In his hollow eyes, she saw the need to let what he’d been through be left alone.

“Horace, evaluate this man.” She touched the side of Leif’s face. “I’ve got to take care of this. I’ll be close, okay?”

He didn’t appear to care.

Kicking off the wall, she floated to the communications console.

“I’m at the console.”

Marco said, “He wants a private channel.”

Letting out a frustrated breath, she kicked off again, found her helmet, and pulled it on.

“I’m ready.”

“Aye O.C.,” Marco said, his voice now close in her ears as if he was sitting behind her, “I’m patching him through.”

The connection clicked, and Sam Cantwell’s aged voice asked, “Commander?”

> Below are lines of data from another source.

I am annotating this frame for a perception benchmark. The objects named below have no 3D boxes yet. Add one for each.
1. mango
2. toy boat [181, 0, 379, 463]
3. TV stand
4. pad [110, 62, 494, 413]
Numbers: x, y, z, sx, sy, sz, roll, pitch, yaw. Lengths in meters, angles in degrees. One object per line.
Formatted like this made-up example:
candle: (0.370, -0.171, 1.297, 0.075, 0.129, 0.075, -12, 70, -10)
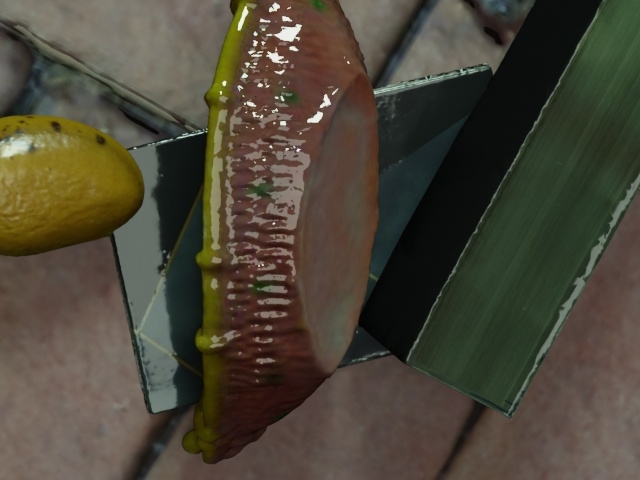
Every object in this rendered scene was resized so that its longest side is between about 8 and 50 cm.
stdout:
mango: (-0.154, -0.030, 1.024, 0.114, 0.057, 0.078, 3, 97, -16)
toy boat: (-0.022, -0.020, 1.034, 0.141, 0.099, 0.317, -8, 109, -53)
TV stand: (0.128, -0.043, 1.062, 0.083, 0.088, 0.269, 29, 93, -20)
pad: (0.000, 0.000, 1.092, 0.243, 0.004, 0.163, -14, 105, -9)
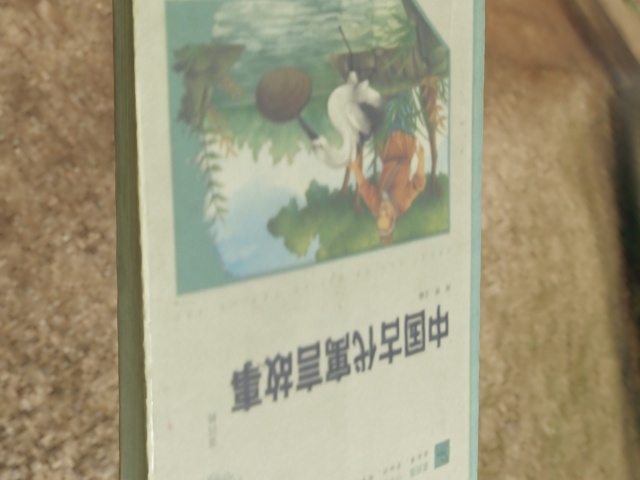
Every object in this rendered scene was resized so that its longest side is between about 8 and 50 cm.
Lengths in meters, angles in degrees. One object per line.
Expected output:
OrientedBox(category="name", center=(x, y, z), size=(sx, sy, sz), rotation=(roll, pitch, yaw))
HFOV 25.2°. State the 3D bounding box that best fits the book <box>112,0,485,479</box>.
OrientedBox(category="book", center=(0.000, 0.000, 0.588), size=(0.215, 0.025, 0.282), rotation=(-13, 106, -45))
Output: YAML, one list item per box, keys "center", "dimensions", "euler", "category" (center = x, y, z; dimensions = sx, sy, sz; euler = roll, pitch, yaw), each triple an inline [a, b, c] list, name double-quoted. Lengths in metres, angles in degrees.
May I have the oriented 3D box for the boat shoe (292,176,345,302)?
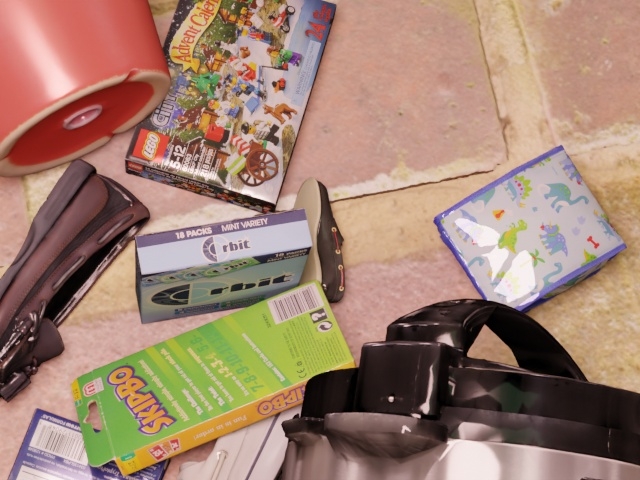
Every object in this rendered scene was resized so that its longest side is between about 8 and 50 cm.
- center: [-0.001, 0.001, 1.570]
  dimensions: [0.042, 0.049, 0.133]
  euler: [12, 61, -32]
  category: "boat shoe"

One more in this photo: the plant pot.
- center: [-0.281, -0.211, 1.493]
  dimensions: [0.275, 0.275, 0.243]
  euler: [-27, 80, -14]
  category: "plant pot"

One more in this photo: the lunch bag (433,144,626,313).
- center: [0.204, -0.001, 1.564]
  dimensions: [0.151, 0.096, 0.129]
  euler: [-28, 77, -24]
  category: "lunch bag"

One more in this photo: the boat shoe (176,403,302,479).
- center: [-0.097, 0.237, 1.456]
  dimensions: [0.088, 0.096, 0.267]
  euler: [25, 69, 8]
  category: "boat shoe"

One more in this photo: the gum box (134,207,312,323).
- center: [-0.095, 0.027, 1.474]
  dimensions: [0.157, 0.184, 0.041]
  euler: [-9, 74, -10]
  category: "gum box"

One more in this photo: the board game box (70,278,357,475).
- center: [-0.103, 0.130, 1.470]
  dimensions: [0.259, 0.039, 0.124]
  euler: [-20, 41, -4]
  category: "board game box"

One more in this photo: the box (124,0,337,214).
- center: [-0.091, -0.157, 1.607]
  dimensions: [0.159, 0.044, 0.233]
  euler: [16, 71, -1]
  category: "box"

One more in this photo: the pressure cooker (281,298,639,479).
- center: [0.135, 0.261, 1.320]
  dimensions: [0.375, 0.370, 0.420]
  euler: [10, 74, -9]
  category: "pressure cooker"

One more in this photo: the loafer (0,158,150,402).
- center: [-0.265, 0.064, 1.489]
  dimensions: [0.095, 0.109, 0.302]
  euler: [28, 69, -2]
  category: "loafer"

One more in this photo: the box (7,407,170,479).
- center: [-0.242, 0.284, 1.453]
  dimensions: [0.136, 0.036, 0.225]
  euler: [20, 70, 0]
  category: "box"
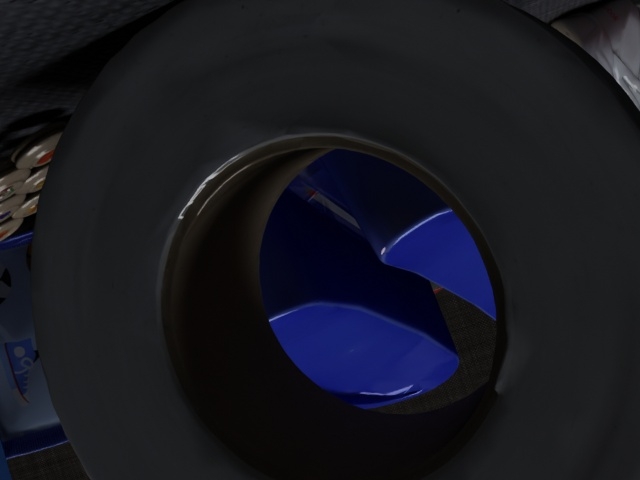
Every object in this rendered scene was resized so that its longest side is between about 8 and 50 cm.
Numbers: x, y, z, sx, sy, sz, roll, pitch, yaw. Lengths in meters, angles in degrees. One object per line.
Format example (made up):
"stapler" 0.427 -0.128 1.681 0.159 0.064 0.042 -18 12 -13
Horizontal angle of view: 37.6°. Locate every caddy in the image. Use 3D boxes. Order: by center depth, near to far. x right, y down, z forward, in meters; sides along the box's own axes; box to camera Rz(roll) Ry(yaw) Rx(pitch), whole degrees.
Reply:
"caddy" 0.037 -0.018 0.641 0.241 0.179 0.341 -32 152 18

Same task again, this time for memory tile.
"memory tile" -0.181 -0.029 0.564 0.148 0.012 0.113 -35 180 20

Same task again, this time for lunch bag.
"lunch bag" -0.145 0.048 0.978 0.386 0.239 0.328 -20 -174 -4

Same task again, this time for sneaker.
"sneaker" 0.304 -0.147 0.935 0.115 0.090 0.232 -29 144 1

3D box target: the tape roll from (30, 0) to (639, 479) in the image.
"tape roll" 0.018 0.026 0.417 0.286 0.286 0.100 -19 -179 22

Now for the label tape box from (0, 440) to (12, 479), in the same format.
"label tape box" -0.308 0.166 0.532 0.106 0.240 0.334 -15 -177 11

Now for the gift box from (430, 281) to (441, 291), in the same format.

“Yes sir, this is Commander Zack, Special Warfare.”

“Do you have the survivors?”

“Affirmative, sir. Two.”

“Are identities confirmed?”

In that moment, she understood; the old dogs of the war had been brought back, Cantwell from retirement and Holt from the wrecking yard. Cantwell was confirming if Holt’s son was dead or alive and Jeffrey was in the room with him.

“We have two men, one yet unidentified. The other is confirmed to be Leif Holt.”

“How is he?”

“He appears to be uninjured, but that’s only my assessment. The medic has yet to finish her evaluation.”

“Understood…”

In the following silence Stacy was unsure what to say so remained silent.

“Tell your team they’ve done well. Contact me immediately if any changes occur.”

“Tell Jeffrey I’m sorry about Sarah.”

“Understood. Thank you Commander.”

The speakers clicked. Pulling her helmet off, she looked to the survivors being attended by X, Horace and Jacqueline. The unidentified man was still unconscious, but looking far healthier than the half-dead face they’d first found. Leif looked healthy, but in his eyes she saw darkness. When her father had been murdered, she went through hell privately. No matter how much Jeffrey had tried to help her, she’d never fully opened up about it. She saw the same closed-off grief in Leif’s eyes now.